Marie-Thérèse Bodart, Les Meubles, Bruxelles, Samsa/Académie royale de Langue et de Littérature françaises, 2014, 84 p.

meubles

La réédition de ce roman paru en 1972, le dernier de l’œuvre de Marie-Thérèse Bodart, est à qualifier d’hypnotique. C’est celui d’une famille qui, après avoir explosé, implose. Une famille renfermée sur elle et ses possessions. Car les biens possédés – terrains et maisons, entreprise et hypothèques qui s’y rattachent – relient les protagonistes et les lient. Les membres du clan sont à couteaux tirés entre les mâles arrogants autant que sexistes et les femelles asservies mais cultivant le goût de la révolte et de la provocation, entre les maîtres incompétents et les opportunistes serviteurs. Même si certains ont contact avec le monde extérieur, le huis clos subsiste dont, semble-t-il, on ne s’évade vraiment que par la mort.

Alors que tout finit peu à peu par se déglinguer, ne subsiste qu’un attachement matérialiste obsessionnel.

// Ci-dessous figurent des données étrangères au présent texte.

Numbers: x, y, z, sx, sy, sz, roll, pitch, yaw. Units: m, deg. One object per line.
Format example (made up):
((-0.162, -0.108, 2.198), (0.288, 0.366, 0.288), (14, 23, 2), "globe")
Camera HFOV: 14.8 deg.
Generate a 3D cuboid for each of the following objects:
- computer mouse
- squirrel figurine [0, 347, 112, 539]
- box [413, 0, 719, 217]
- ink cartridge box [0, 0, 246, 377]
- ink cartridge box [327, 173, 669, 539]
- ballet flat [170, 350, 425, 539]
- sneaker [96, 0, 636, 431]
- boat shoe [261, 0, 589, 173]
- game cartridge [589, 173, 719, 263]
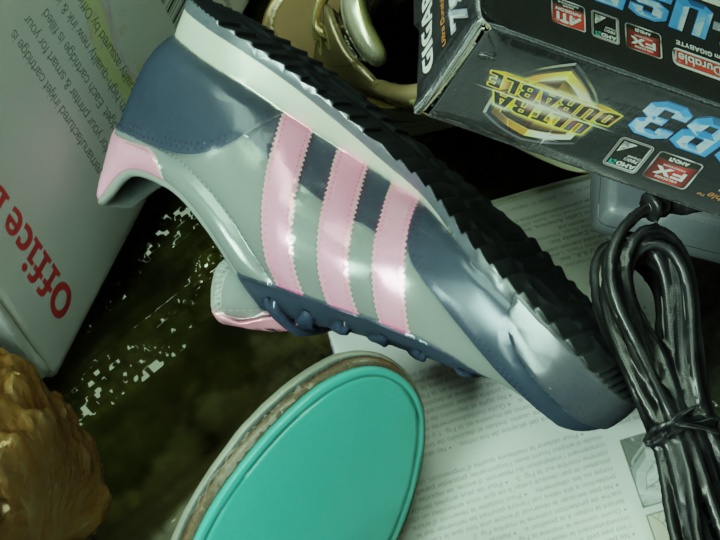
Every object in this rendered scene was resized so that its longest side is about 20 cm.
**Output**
((0.157, 0.021, 0.860), (0.199, 0.046, 0.141), (-18, 84, -24), "computer mouse")
((-0.184, 0.098, 0.863), (0.186, 0.142, 0.200), (-6, 45, 33), "squirrel figurine")
((0.114, -0.101, 0.853), (0.199, 0.050, 0.199), (17, 49, -17), "box")
((-0.121, -0.086, 0.941), (0.084, 0.145, 0.200), (10, 60, 26), "ink cartridge box")
((0.060, 0.072, 0.883), (0.109, 0.050, 0.201), (-16, 59, 0), "ink cartridge box")
((-0.045, 0.114, 0.847), (0.067, 0.064, 0.201), (28, 79, -22), "ballet flat")
((0.000, 0.000, 0.881), (0.200, 0.070, 0.082), (41, 103, 23), "sneaker")
((0.022, -0.085, 0.928), (0.200, 0.066, 0.074), (14, 74, 54), "boat shoe")
((0.148, -0.084, 0.942), (0.133, 0.042, 0.201), (16, 57, -13), "game cartridge")
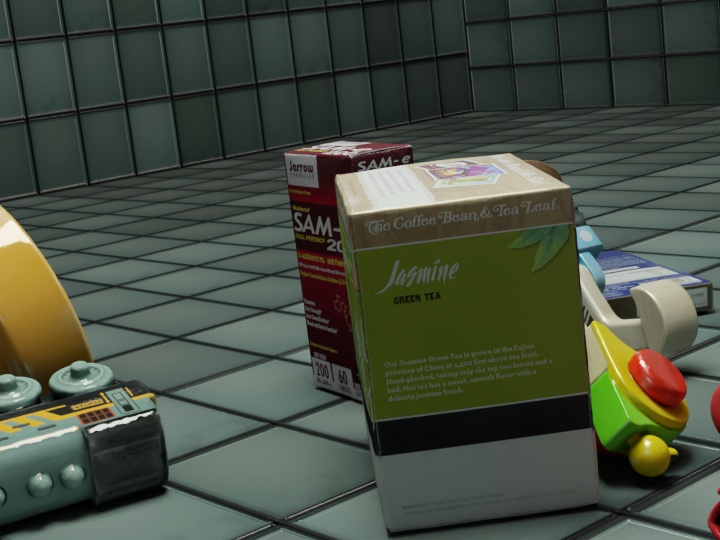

Et cet attachement, au prétexte de conserver les meubles afin de les revendre pour retrouver un peu de l’argent dilapidé en mauvaise gestion et en gaspillage, est évidemment illusoire puisque leur conservation n’est en rien assurée compte tenu des conditions d’entreposage.

Ce bref roman emporte. Pour des raisons externes, comme le souligne Jean-Luc Wauthier dans la préface. Parce que son atmosphère étrange, étouffante à cause de la présence permanente de corneilles, fait inévitablement penser à la nouvelle de Daphne du Maurier qui inspira Hitchcock pour son film « Les Oiseaux ». Parce que l’envahissement de l’espace par le mobilier ramène inexorablement à l’Ionesco de « Les Chaises ». Pour des raisons internes aussi, parce que lorsque grandit la part accordée aux dialogues et soliloques, le ton utilisé n’est pas sans accointance avec le meilleur de Materlinck dramaturge.

Après le patrimoine matériel, l’esprit est attaqué. Le déséquilibre mental joue les mérules. Insidieusement les personnages avencent vers leur propre perte selon un destin forcément tragique dans cet univers où l’innocence se nomme en réalité aveuglement et impuissance.